The first thing to check is whether you can still ping the server. If it doesn't respond to a ping, then it was likely blocked in China and you will need to find another server to use.
If the server responds to a ping, but the Shadowsocks connection fails, then you should go back to the Surfshark website and reset your credentials.
To do this, click on Disable Shadowsocks and then Enable Shadowsocks again. You will get a new port and password. Then you will need to update the Port and Password with your new credentials for each server profile in your Shadowsocks app.
Make sure you test several different servers with your new credentials because sometimes certain servers don't get updated properly (or there can be a delay). If none of them are working, then reset again. In rare cases you may need to reset your credentials several times before it works.
After logging in to your account, click on Devices, and then choose Manual under the advanced section at the bottom (beside Shadowsocks).
If you don't know how to use OpenVPN, you can follow the guides on the Surfshark website, with the following exception.

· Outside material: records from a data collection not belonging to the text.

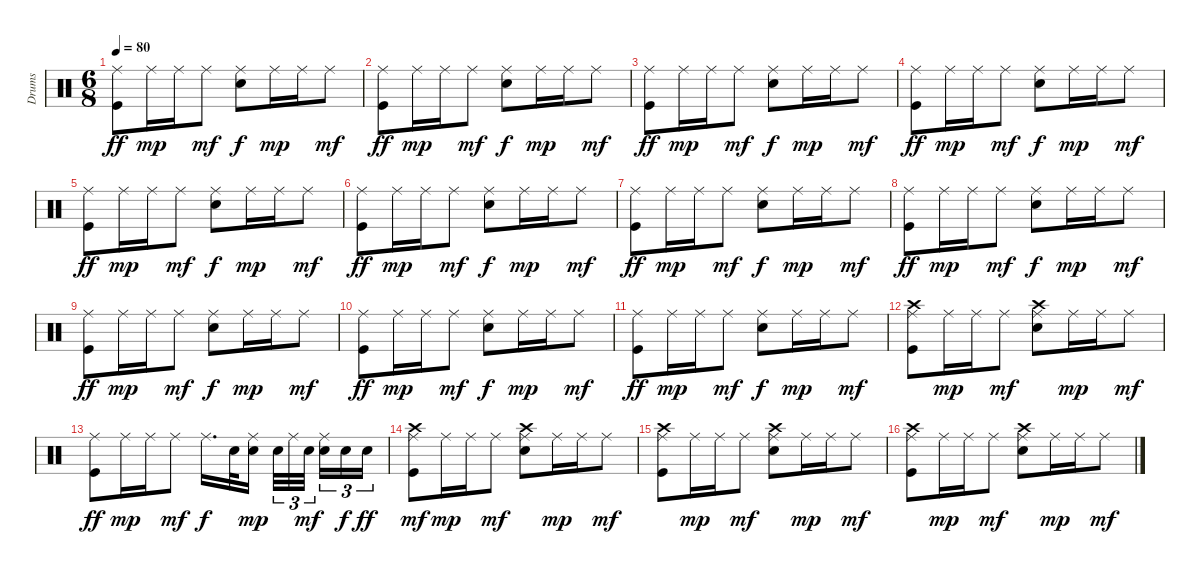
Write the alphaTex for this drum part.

\track ("Drums" "Drums") {instrument percussion}
\staff {score}
\articulation defaults
\ts (6 8)
\tempo 80
\clef neutral
\ks c
("Kick (hit)" "Ride (middle)").8{dy ff} "Ride (middle)".16{dy mp} "Ride (middle)".16 "Ride (middle)".8{dy mf} ("Ride (middle)" "Snare (hit) 2").8{dy f} "Ride (middle)".16{dy mp} "Ride (middle)".16 "Ride (middle)".8{dy mf} |
("Kick (hit)" "Ride (middle)").8{dy ff} "Ride (middle)".16{dy mp} "Ride (middle)".16 "Ride (middle)".8{dy mf} ("Ride (middle)" "Snare (hit) 2").8{dy f} "Ride (middle)".16{dy mp} "Ride (middle)".16 "Ride (middle)".8{dy mf} |
("Kick (hit)" "Ride (middle)").8{dy ff} "Ride (middle)".16{dy mp} "Ride (middle)".16 "Ride (middle)".8{dy mf} ("Ride (middle)" "Snare (hit) 2").8{dy f} "Ride (middle)".16{dy mp} "Ride (middle)".16 "Ride (middle)".8{dy mf} |
("Kick (hit)" "Ride (middle)").8{dy ff} "Ride (middle)".16{dy mp} "Ride (middle)".16 "Ride (middle)".8{dy mf} ("Ride (middle)" "Snare (hit) 2").8{dy f} "Ride (middle)".16{dy mp} "Ride (middle)".16 "Ride (middle)".8{dy mf} |
("Kick (hit)" "Ride (middle)").8{dy ff} "Ride (middle)".16{dy mp} "Ride (middle)".16 "Ride (middle)".8{dy mf} ("Ride (middle)" "Snare (hit) 2").8{dy f} "Ride (middle)".16{dy mp} "Ride (middle)".16 "Ride (middle)".8{dy mf} |
("Kick (hit)" "Ride (middle)").8{dy ff} "Ride (middle)".16{dy mp} "Ride (middle)".16 "Ride (middle)".8{dy mf} ("Ride (middle)" "Snare (hit) 2").8{dy f} "Ride (middle)".16{dy mp} "Ride (middle)".16 "Ride (middle)".8{dy mf} |
("Kick (hit)" "Ride (middle)").8{dy ff} "Ride (middle)".16{dy mp} "Ride (middle)".16 "Ride (middle)".8{dy mf} ("Ride (middle)" "Snare (hit) 2").8{dy f} "Ride (middle)".16{dy mp} "Ride (middle)".16 "Ride (middle)".8{dy mf} |
("Kick (hit)" "Ride (middle)").8{dy ff} "Ride (middle)".16{dy mp} "Ride (middle)".16 "Ride (middle)".8{dy mf} ("Ride (middle)" "Snare (hit) 2").8{dy f} "Ride (middle)".16{dy mp} "Ride (middle)".16 "Ride (middle)".8{dy mf} |
("Kick (hit)" "Ride (middle)").8{dy ff} "Ride (middle)".16{dy mp} "Ride (middle)".16 "Ride (middle)".8{dy mf} ("Ride (middle)" "Snare (hit) 2").8{dy f} "Ride (middle)".16{dy mp} "Ride (middle)".16 "Ride (middle)".8{dy mf} |
("Kick (hit)" "Ride (middle)").8{dy ff} "Ride (middle)".16{dy mp} "Ride (middle)".16 "Ride (middle)".8{dy mf} ("Ride (middle)" "Snare (hit) 2").8{dy f} "Ride (middle)".16{dy mp} "Ride (middle)".16 "Ride (middle)".8{dy mf} |
("Kick (hit)" "Ride (middle)").8{dy ff} "Ride (middle)".16{dy mp} "Ride (middle)".16 "Ride (middle)".8{dy mf} ("Ride (middle)" "Snare (hit) 2").8{dy f} "Ride (middle)".16{dy mp} "Ride (middle)".16 "Ride (middle)".8{dy mf} |
("Kick (hit)" "Ride (middle)" "Crash high (hit)").8 "Ride (middle)".16{dy mp} "Ride (middle)".16 "Ride (middle)".8{dy mf} ("Ride (middle)" "Snare (hit) 2" "Crash high (hit)").8 "Ride (middle)".16{dy mp} "Ride (middle)".16 "Ride (middle)".8{dy mf} |
("Kick (hit)" "Ride (middle)").8{dy ff} "Ride (middle)".16{dy mp} "Ride (middle)".16 "Ride (middle)".8{dy mf} "Ride (middle)".16{d dy f} "Snare (hit) 2".32 ("Ride (middle)" "Snare (hit) 2").16{dy mp} "Snare (hit) 2".32{tu (3 2)} "Ride (middle)".32{tu (3 2)} "Snare (hit) 2".32{tu (3 2) dy mf} ("Ride (middle)" "Snare (hit) 2").16{tu (3 2)} "Snare (hit) 2".16{tu (3 2) dy f} "Snare (hit) 2".16{tu (3 2) dy ff} |
("Kick (hit)" "Ride (middle)" "Crash high (hit)").8{dy mf} "Ride (middle)".16{dy mp} "Ride (middle)".16 "Ride (middle)".8{dy mf} ("Ride (middle)" "Snare (hit) 2" "Crash high (hit)").8 "Ride (middle)".16{dy mp} "Ride (middle)".16 "Ride (middle)".8{dy mf} |
("Kick (hit)" "Ride (middle)" "Crash high (hit)").8 "Ride (middle)".16{dy mp} "Ride (middle)".16 "Ride (middle)".8{dy mf} ("Ride (middle)" "Snare (hit) 2" "Crash high (hit)").8 "Ride (middle)".16{dy mp} "Ride (middle)".16 "Ride (middle)".8{dy mf} |
("Kick (hit)" "Ride (middle)" "Crash high (hit)").8 "Ride (middle)".16{dy mp} "Ride (middle)".16 "Ride (middle)".8{dy mf} ("Ride (middle)" "Snare (hit) 2" "Crash high (hit)").8 "Ride (middle)".16{dy mp} "Ride (middle)".16 "Ride (middle)".8{dy mf}

You will need to edit the .ovpn config file and change the server hostname to an IP address.
To find working IPs, follow the same instructions as Shadowsocks, except do not add +1 to the IP address. You will need to use the IP addresses from OpenDNS CacheCheck results directly.
If you are using Windows 10, you will also need to add the line block-outside-dns to the config file.

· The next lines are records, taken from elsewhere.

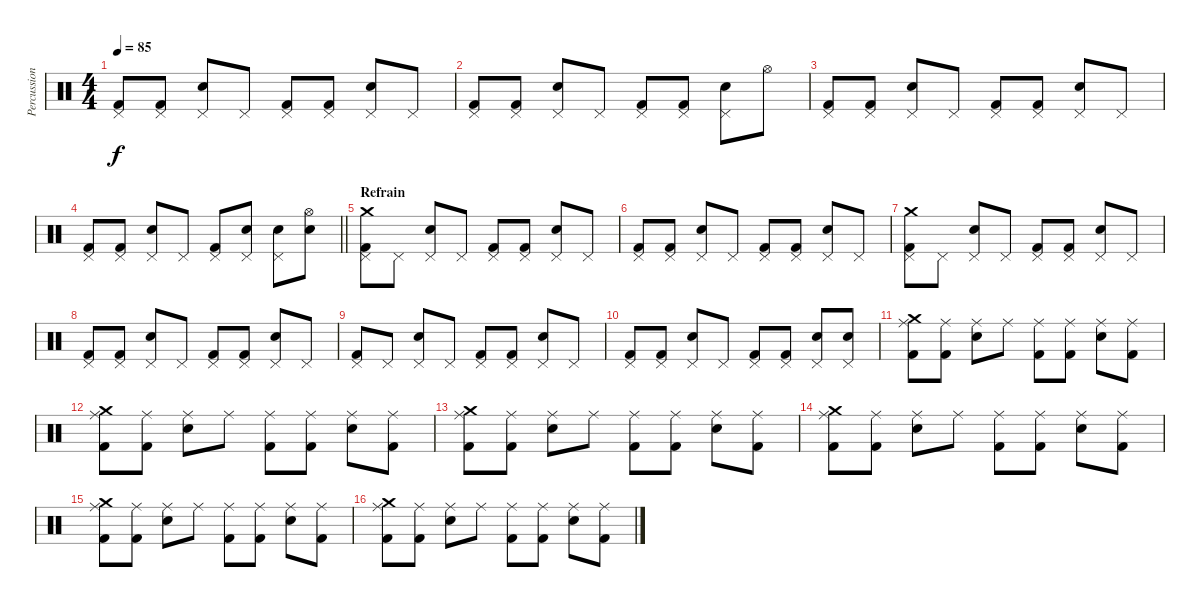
\track ("Percussions" "Percussion") {instrument percussion}
\staff {score}
\articulation defaults
\ts (4 4)
\tempo 85
\clef neutral
\ks c
("Pedal Hi-Hat (hit)" "Kick (hit) 2").8{dy f} ("Pedal Hi-Hat (hit)" "Kick (hit) 2").8 ("Pedal Hi-Hat (hit)" "Snare (hit) 2").8 "Pedal Hi-Hat (hit)".8 ("Pedal Hi-Hat (hit)" "Kick (hit) 2").8 ("Pedal Hi-Hat (hit)" "Kick (hit) 2").8 ("Pedal Hi-Hat (hit)" "Snare (hit) 2").8 "Pedal Hi-Hat (hit)".8 |
("Pedal Hi-Hat (hit)" "Kick (hit) 2").8 ("Pedal Hi-Hat (hit)" "Kick (hit) 2").8 ("Pedal Hi-Hat (hit)" "Snare (hit) 2").8 "Pedal Hi-Hat (hit)".8 ("Pedal Hi-Hat (hit)" "Kick (hit) 2").8 ("Pedal Hi-Hat (hit)" "Kick (hit) 2").8 ("Pedal Hi-Hat (hit)" "Snare (hit) 2").8 "Hi-Hat (open)".8 |
("Pedal Hi-Hat (hit)" "Kick (hit) 2").8 ("Pedal Hi-Hat (hit)" "Kick (hit) 2").8 ("Pedal Hi-Hat (hit)" "Snare (hit) 2").8 "Pedal Hi-Hat (hit)".8 ("Pedal Hi-Hat (hit)" "Kick (hit) 2").8 ("Pedal Hi-Hat (hit)" "Kick (hit) 2").8 ("Pedal Hi-Hat (hit)" "Snare (hit) 2").8 "Pedal Hi-Hat (hit)".8 |
\barLineRight lightlight
("Pedal Hi-Hat (hit)" "Kick (hit) 2").8 ("Pedal Hi-Hat (hit)" "Kick (hit) 2").8 ("Pedal Hi-Hat (hit)" "Snare (hit) 2").8 "Pedal Hi-Hat (hit)".8 ("Pedal Hi-Hat (hit)" "Kick (hit) 2").8 ("Pedal Hi-Hat (hit)" "Snare (hit) 2").8 ("Pedal Hi-Hat (hit)" "Snare (hit) 2").8 ("Hi-Hat (open)" "Snare (hit) 2").8 |
\section ("" "Refrain")
("Crash medium (hit)" "Pedal Hi-Hat (hit)" "Kick (hit) 2").8 "Pedal Hi-Hat (hit)".8 ("Pedal Hi-Hat (hit)" "Snare (hit) 2").8 "Pedal Hi-Hat (hit)".8 ("Pedal Hi-Hat (hit)" "Kick (hit) 2").8 ("Pedal Hi-Hat (hit)" "Kick (hit) 2").8 ("Pedal Hi-Hat (hit)" "Snare (hit) 2").8 "Pedal Hi-Hat (hit)".8 |
("Pedal Hi-Hat (hit)" "Kick (hit) 2").8 ("Pedal Hi-Hat (hit)" "Kick (hit) 2").8 ("Pedal Hi-Hat (hit)" "Snare (hit) 2").8 "Pedal Hi-Hat (hit)".8 ("Pedal Hi-Hat (hit)" "Kick (hit) 2").8 ("Pedal Hi-Hat (hit)" "Kick (hit) 2").8 ("Pedal Hi-Hat (hit)" "Snare (hit) 2").8 "Pedal Hi-Hat (hit)".8 |
("Crash medium (hit)" "Pedal Hi-Hat (hit)" "Kick (hit) 2").8 "Pedal Hi-Hat (hit)".8 ("Pedal Hi-Hat (hit)" "Snare (hit) 2").8 "Pedal Hi-Hat (hit)".8 ("Pedal Hi-Hat (hit)" "Kick (hit) 2").8 ("Pedal Hi-Hat (hit)" "Kick (hit) 2").8 ("Pedal Hi-Hat (hit)" "Snare (hit) 2").8 "Pedal Hi-Hat (hit)".8 |
("Pedal Hi-Hat (hit)" "Kick (hit) 2").8 ("Pedal Hi-Hat (hit)" "Kick (hit) 2").8 ("Pedal Hi-Hat (hit)" "Snare (hit) 2").8 "Pedal Hi-Hat (hit)".8 ("Pedal Hi-Hat (hit)" "Kick (hit) 2").8 ("Pedal Hi-Hat (hit)" "Kick (hit) 2").8 ("Pedal Hi-Hat (hit)" "Snare (hit) 2").8 "Pedal Hi-Hat (hit)".8 |
("Pedal Hi-Hat (hit)" "Kick (hit) 2").8 "Pedal Hi-Hat (hit)".8 ("Pedal Hi-Hat (hit)" "Snare (hit) 2").8 "Pedal Hi-Hat (hit)".8 ("Pedal Hi-Hat (hit)" "Kick (hit) 2").8 ("Pedal Hi-Hat (hit)" "Kick (hit) 2").8 ("Pedal Hi-Hat (hit)" "Snare (hit) 2").8 "Pedal Hi-Hat (hit)".8 |
("Pedal Hi-Hat (hit)" "Kick (hit) 2").8 ("Pedal Hi-Hat (hit)" "Kick (hit) 2").8 ("Pedal Hi-Hat (hit)" "Snare (hit) 2").8 "Pedal Hi-Hat (hit)".8 ("Pedal Hi-Hat (hit)" "Kick (hit) 2").8 ("Pedal Hi-Hat (hit)" "Kick (hit) 2").8 ("Pedal Hi-Hat (hit)" "Snare (hit) 2").8 ("Pedal Hi-Hat (hit)" "Snare (hit) 2").8 |
("Ride (middle)" "Crash medium (hit)" "Kick (hit) 2").8 ("Ride (middle)" "Kick (hit) 2").8 ("Ride (middle)" "Snare (hit) 2").8 "Ride (middle)".8 ("Ride (middle)" "Kick (hit) 2").8 ("Ride (middle)" "Kick (hit) 2").8 ("Ride (middle)" "Snare (hit) 2").8 ("Ride (middle)" "Kick (hit) 2").8 |
("Ride (middle)" "Crash medium (hit)" "Kick (hit) 2").8 ("Ride (middle)" "Kick (hit) 2").8 ("Ride (middle)" "Snare (hit) 2").8 "Ride (middle)".8 ("Ride (middle)" "Kick (hit) 2").8 ("Ride (middle)" "Kick (hit) 2").8 ("Ride (middle)" "Snare (hit) 2").8 ("Ride (middle)" "Kick (hit) 2").8 |
("Ride (middle)" "Crash medium (hit)" "Kick (hit) 2").8 ("Ride (middle)" "Kick (hit) 2").8 ("Ride (middle)" "Snare (hit) 2").8 "Ride (middle)".8 ("Ride (middle)" "Kick (hit) 2").8 ("Ride (middle)" "Kick (hit) 2").8 ("Ride (middle)" "Snare (hit) 2").8 ("Ride (middle)" "Kick (hit) 2").8 |
("Ride (middle)" "Crash medium (hit)" "Kick (hit) 2").8 ("Ride (middle)" "Kick (hit) 2").8 ("Ride (middle)" "Snare (hit) 2").8 "Ride (middle)".8 ("Ride (middle)" "Kick (hit) 2").8 ("Ride (middle)" "Kick (hit) 2").8 ("Ride (middle)" "Snare (hit) 2").8 ("Ride (middle)" "Kick (hit) 2").8 |
("Ride (middle)" "Crash medium (hit)" "Kick (hit) 2").8 ("Ride (middle)" "Kick (hit) 2").8 ("Ride (middle)" "Snare (hit) 2").8 "Ride (middle)".8 ("Ride (middle)" "Kick (hit) 2").8 ("Ride (middle)" "Kick (hit) 2").8 ("Ride (middle)" "Snare (hit) 2").8 ("Ride (middle)" "Kick (hit) 2").8 |
("Ride (middle)" "Crash medium (hit)" "Kick (hit) 2").8 ("Ride (middle)" "Kick (hit) 2").8 ("Ride (middle)" "Snare (hit) 2").8 "Ride (middle)".8 ("Ride (middle)" "Kick (hit) 2").8 ("Ride (middle)" "Kick (hit) 2").8 ("Ride (middle)" "Snare (hit) 2").8 ("Ride (middle)" "Kick (hit) 2").8

Here is an example of my edited config file for a Japan server on Windows 10.
The easiest way to edit the OpenVPN config file is to download the file on a computer, make the edits, save the file, then transfer it to your device (for iOS you can email it to yourself because transferring by USB doesn't seem to work).
Alternatively, if you don't have a computer available, you can use a text editing app to edit the file directly on your device.
For iOS, I recommend the Documents by Readdle app. First install both the OpenVPN Connect app and the Documents by Readdle app. Then download the OpenVPN config file from the Surfshark website using Safari. Instead of Opening it with OpenVPN, choose "More...", and then choose "Copy to Documents". This will open the file in the Documents by Readdle app. After you you make the edits, tap the ... symbol in the top right and then choose Share. Then choose "Copy to OpenVPN".
Android is much easier to work with, so you don't need to follow specific steps like you do with iOS. There are many text editing apps available for Android that will work. Personally, I like the Just Notepad app.
Just download the config file to your Android device, edit it with any text editing app, save it to your device, then import it into the OpenVPN Connect app.